Пришел эксперт Родионов. Он принес в фаянсовой баночке какое-то вязкое вещество розового цвета, стеклянными палочками извлек катышек вроде небольшой картошины и вопросительно посмотрел на меня.
— Что надо делать? — спросил я.
С опаской поглядывая на Фокса, Родионов сказал:
— Пусть он откусит половину массы…
Фокс гордо воздел плечи:
— Это еще что такое?
Эксперт заверил:
— Да вы не беспокойтесь, это безвредно…
— Кому безвредно, а мне, может быть, вредно, — сказал Фокс сварливо.
— Да бросьте выламываться, Фокс, — сказал я ему. — Если вы честный человек, как утверждаете, вы охотно подвергнетесь проверке, так ведь?
Фокс, видимо, не совсем понимал значение опыта, который мы производили, но и роль портить не хотел, поэтому небрежно взял «картошину» и с гримасой отвращения перекусил ее, вытолкнув изо рта остаток массы на стол. Родионов поколдовал немного над ней и спустя две-три минуты подозвал меня; на столе рядом с контрольным образцом лежал гипсовый оттиск откуса от шоколада из квартиры Ларисы Груздевой.
— Он самый, вот поглядите… — сказал Родионов, но я уже и без него видел, что следы зубов одинаковые: щель между передними резцами, поворот их по сравнению с остальными зубами, размер.
Я похлопал эксперта по плечу, мы поулыбались друг другу, и он ушел, а я стал рассматривать сберегательную книжку Фокса. Двести шестьдесят семь тысяч рублей на ней было! И я сказал:
— Четверть миллиона с гаком… М-да-а… Это все с базы сатураторной… или из бильярдной, а?
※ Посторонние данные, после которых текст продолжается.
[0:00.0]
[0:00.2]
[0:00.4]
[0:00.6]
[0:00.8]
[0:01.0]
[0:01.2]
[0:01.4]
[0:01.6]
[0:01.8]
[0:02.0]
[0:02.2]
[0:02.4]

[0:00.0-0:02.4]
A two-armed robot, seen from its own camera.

Фокс поерзал немного или сделал вид, что поерзал, открыто, по своему обычаю, улыбнулся и сказал:
— У вас, товарищ Шарапов, лицо доброго и милого человека. Оно располагает к откровенности…
Знаю я прекрасно, какое у меня лицо и к какой откровенности оно располагает. Нос мой курносый особенно или гляделки крохотные. Ну-ну, пой пташечка, пой… Я широко улыбнулся и вопросительно посмотрел на Фокса. А он сказал:
— Поэтому я буду с вами совершенно откровенен. В моем возрасте мальчишество — штука стыдная, конечно… Но я холост, люблю встречаться с женщинами, а женщины, что бы там ни говорили идеалисты, любят людей богатых… А я нищий. Да-да, не удивляйтесь, я нищий служащий, только удача на зеленом сукне позволяет мне изредка сводить свою даму в ресторан…
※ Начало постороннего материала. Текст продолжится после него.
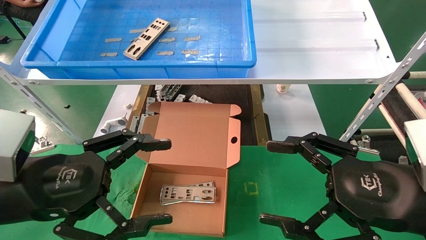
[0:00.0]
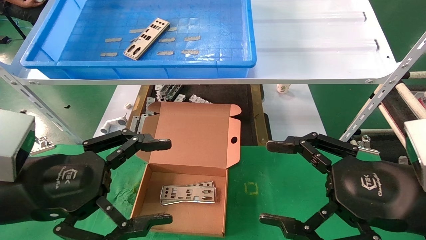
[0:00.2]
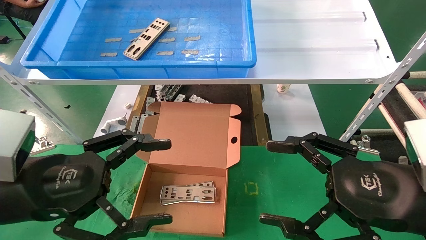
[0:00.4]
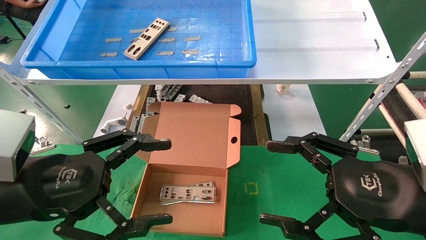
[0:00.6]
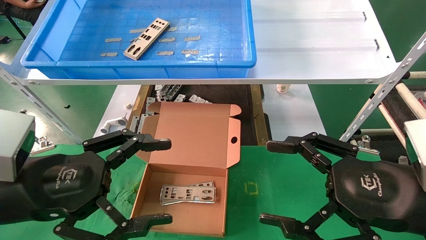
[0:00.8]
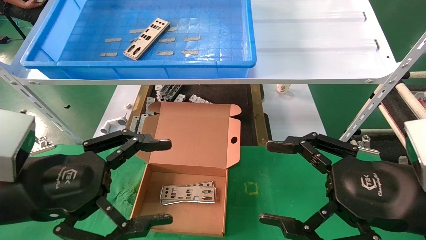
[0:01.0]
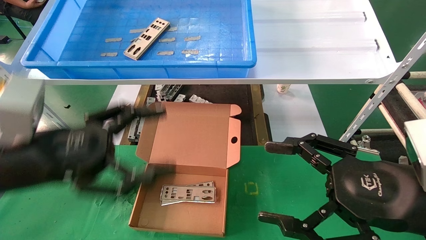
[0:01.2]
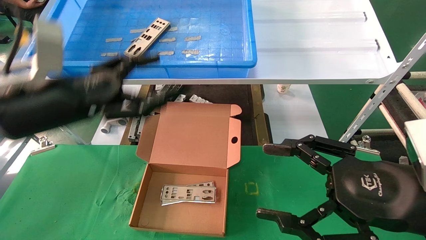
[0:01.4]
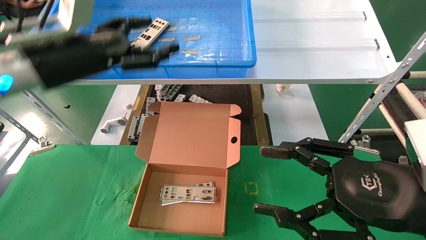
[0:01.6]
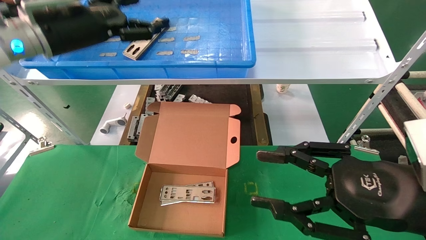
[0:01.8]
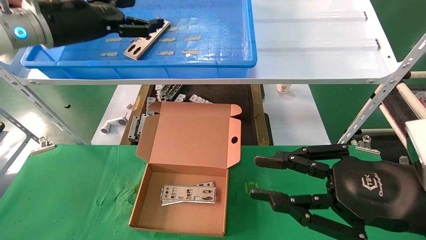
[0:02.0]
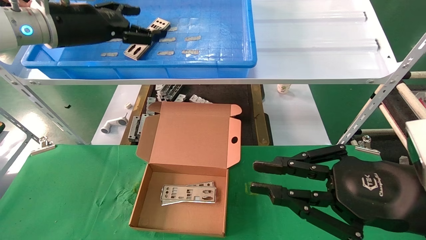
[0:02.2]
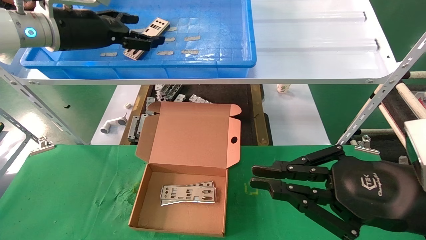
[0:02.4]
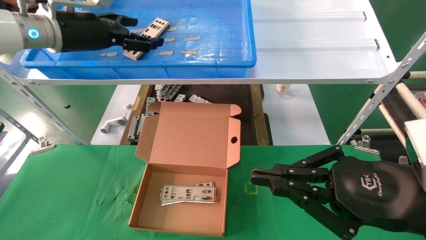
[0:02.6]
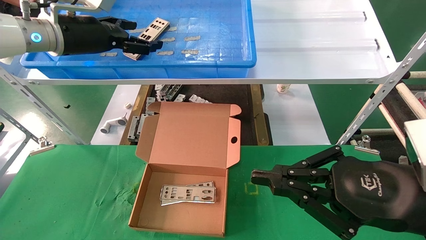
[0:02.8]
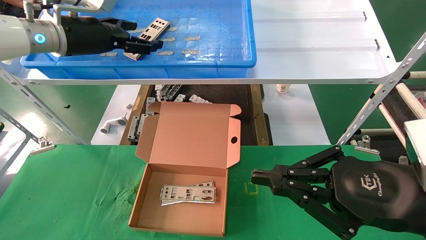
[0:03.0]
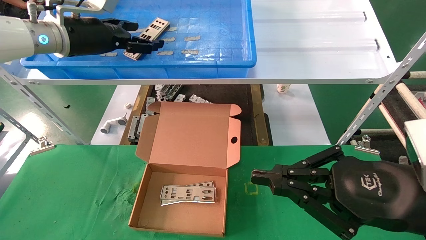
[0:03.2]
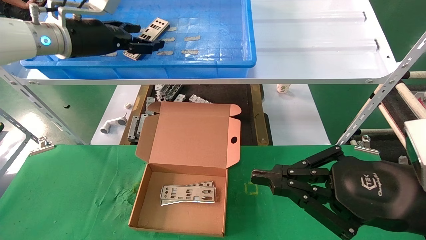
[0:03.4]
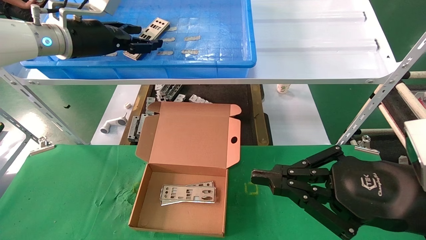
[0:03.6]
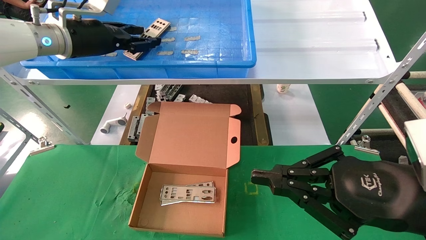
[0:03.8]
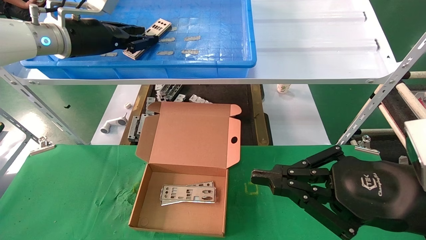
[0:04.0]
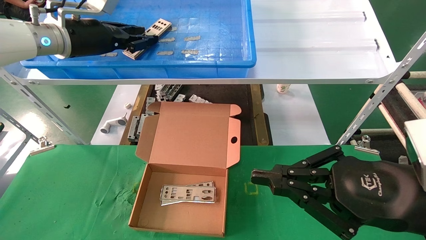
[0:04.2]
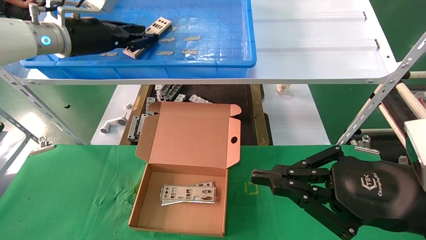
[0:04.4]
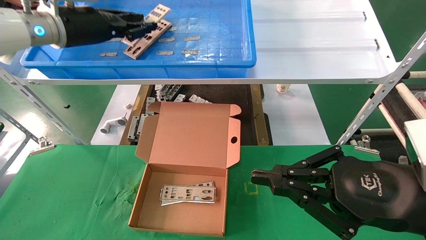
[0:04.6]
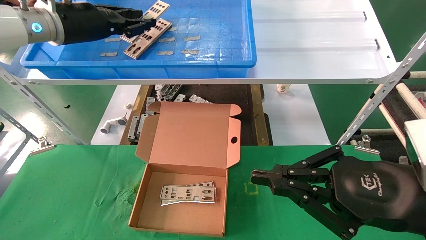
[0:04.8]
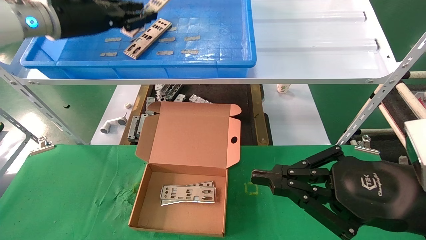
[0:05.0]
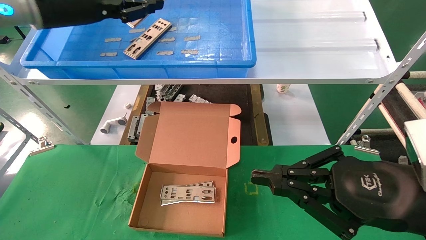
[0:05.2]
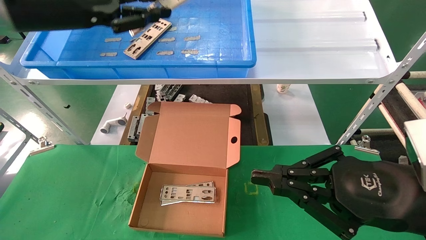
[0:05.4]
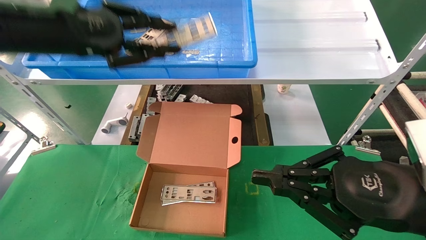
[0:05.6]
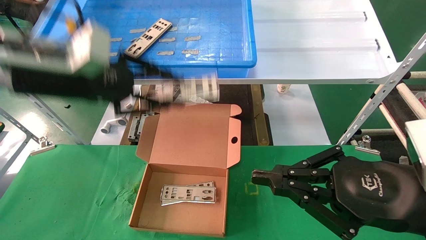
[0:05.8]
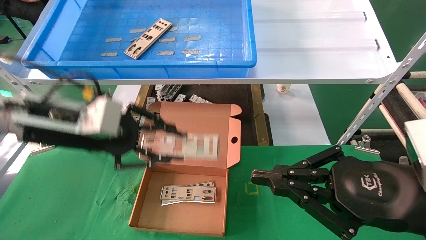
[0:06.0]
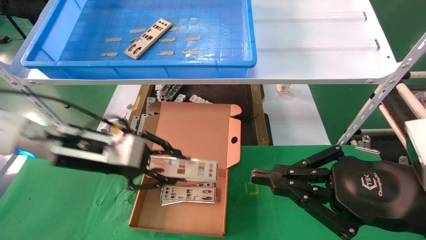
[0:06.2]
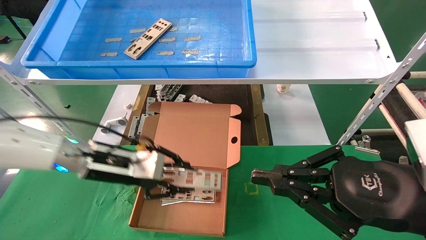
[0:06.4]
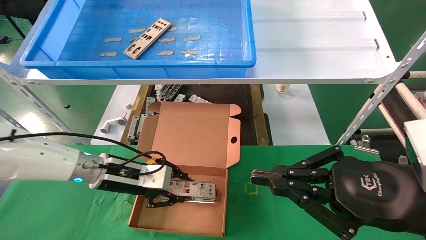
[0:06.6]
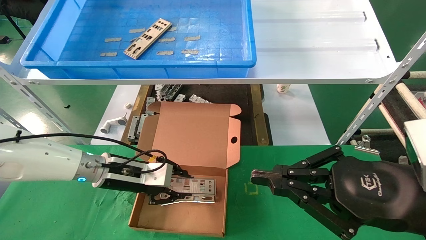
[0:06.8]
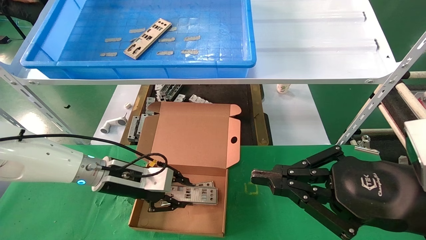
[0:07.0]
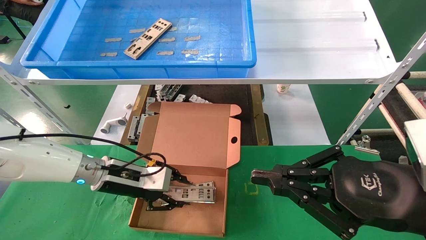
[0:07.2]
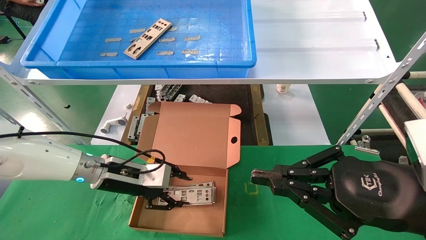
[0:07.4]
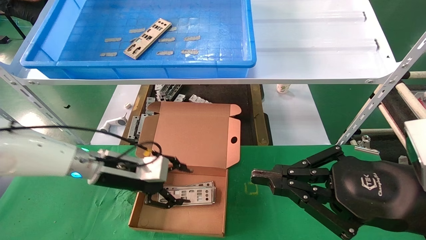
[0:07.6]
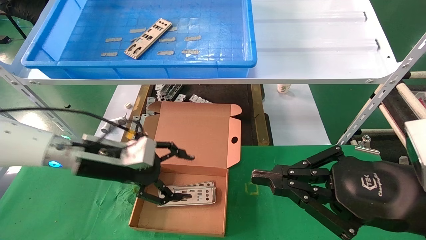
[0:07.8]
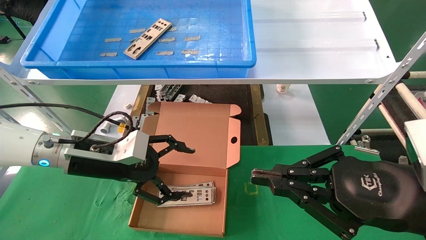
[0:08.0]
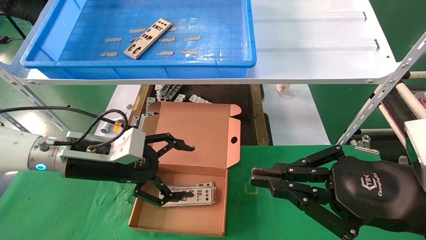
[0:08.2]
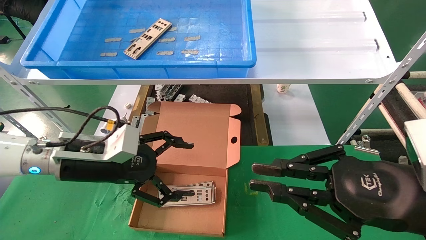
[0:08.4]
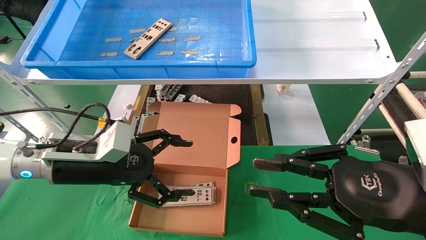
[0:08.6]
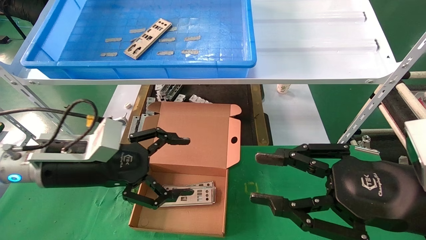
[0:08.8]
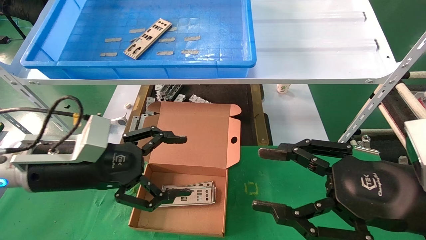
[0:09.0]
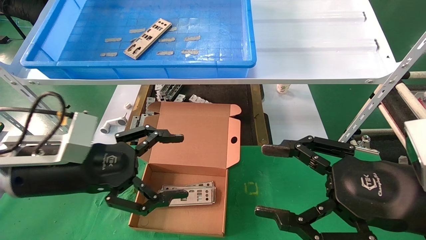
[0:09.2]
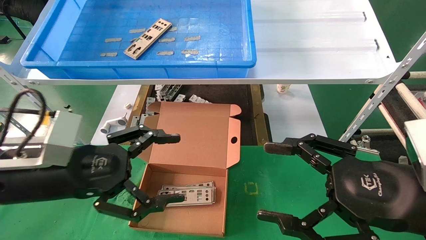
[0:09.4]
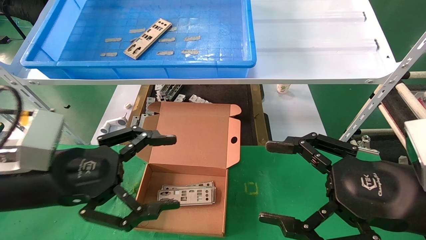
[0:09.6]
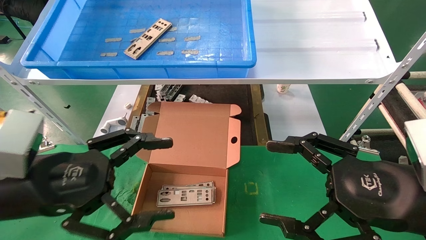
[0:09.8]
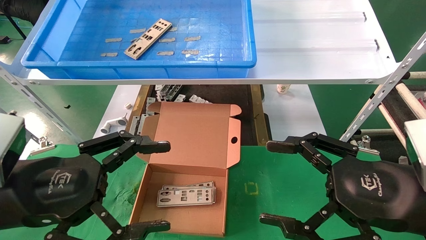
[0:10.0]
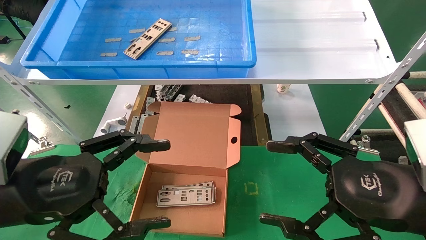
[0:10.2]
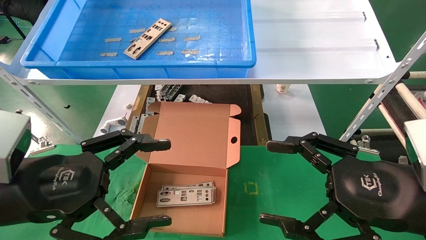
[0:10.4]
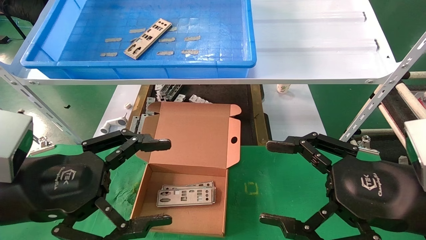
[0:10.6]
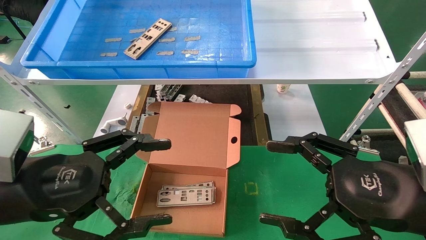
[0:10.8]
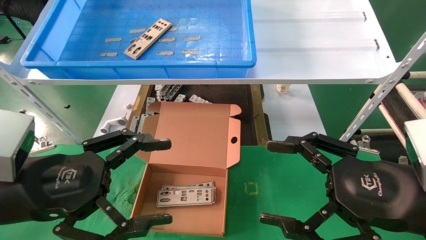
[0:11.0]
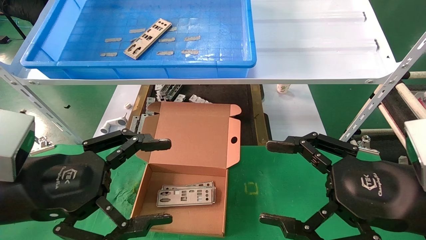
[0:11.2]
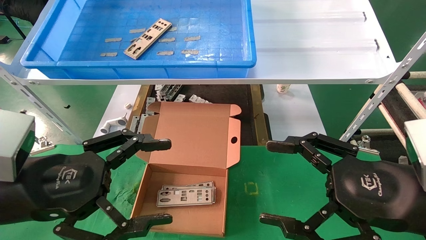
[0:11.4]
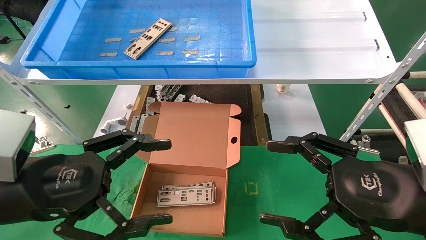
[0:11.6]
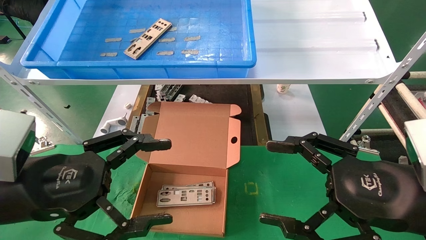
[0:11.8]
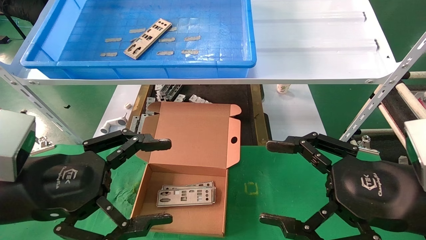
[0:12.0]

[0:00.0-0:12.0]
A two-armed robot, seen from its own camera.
Task of the whole recording: pick up the parts on the tray and put them in the cardboard box.
Step, 0:01.4 to 0:04.6: Pick up the IO bracket from the container box.
Step, 0:04.8 to 0:07.4: Place the IO bracket into the ingredient slot.
0:00.0 to 0:01.6: The left gripper goes roughly 20 cm forward and upward.
0:01.6 to 0:03.0: The left gripper moves forward and upward, approximately 10 cm. Meanwhile the right gripper closes.
0:03.0 to 0:04.4: The left gripper closes its fingers.
0:04.4 to 0:06.0: The left gripper travels downward and backward by roughly 15 cm.
0:06.0 to 0:07.6: The left gripper is displaced downward and forward by roughly 15 cm, and opens its fingers.
0:07.6 to 0:09.0: The left gripper travels backward by some 10 cm, and opens up. The right gripper opens up.
0:09.0 to 0:10.4: The left gripper moves backward, roughly 10 cm. Meanwhile the right gripper opens up.
0:10.4 to 0:12.0: Neither gripper changes place.

— А четверть миллиона? — напомнил я.
— Момент, все объясню. Женщина предпочитает, как это ни печально, жадного богача щедрому нищему. Да-да-да! Поэтому любая раскрывает объятия человеку, у которого на книжке больше четверти миллиона. Неважно, что он прижимист, как я, она рассчитывает своими прелестями заставить его раскошелиться…
Я почувствовал, как волна холодной, просто-таки леденящей злобы подкатилась у меня к горлу: я вспомнил Шурку Баранову, катающуюся по полу на кухне, а потом сразу же — Варю, огромные ее нежные глаза — этот мерзавец своими словами пачкал их, оскорблял, даже не подозревая об их существовании. И нечаянно для самого себя я крикнул:
— Ну-ну, вы потише тут насчет женщин распространяйтесь! Привыкли с продажными…
Фокс перебил меня:
— Да что вы, товарищ Шарапов, я далек от обобщений! Разумеется, я говорю о своих знакомых…
— Давайте-ка лучше к делу. Что там с вашими миллионами?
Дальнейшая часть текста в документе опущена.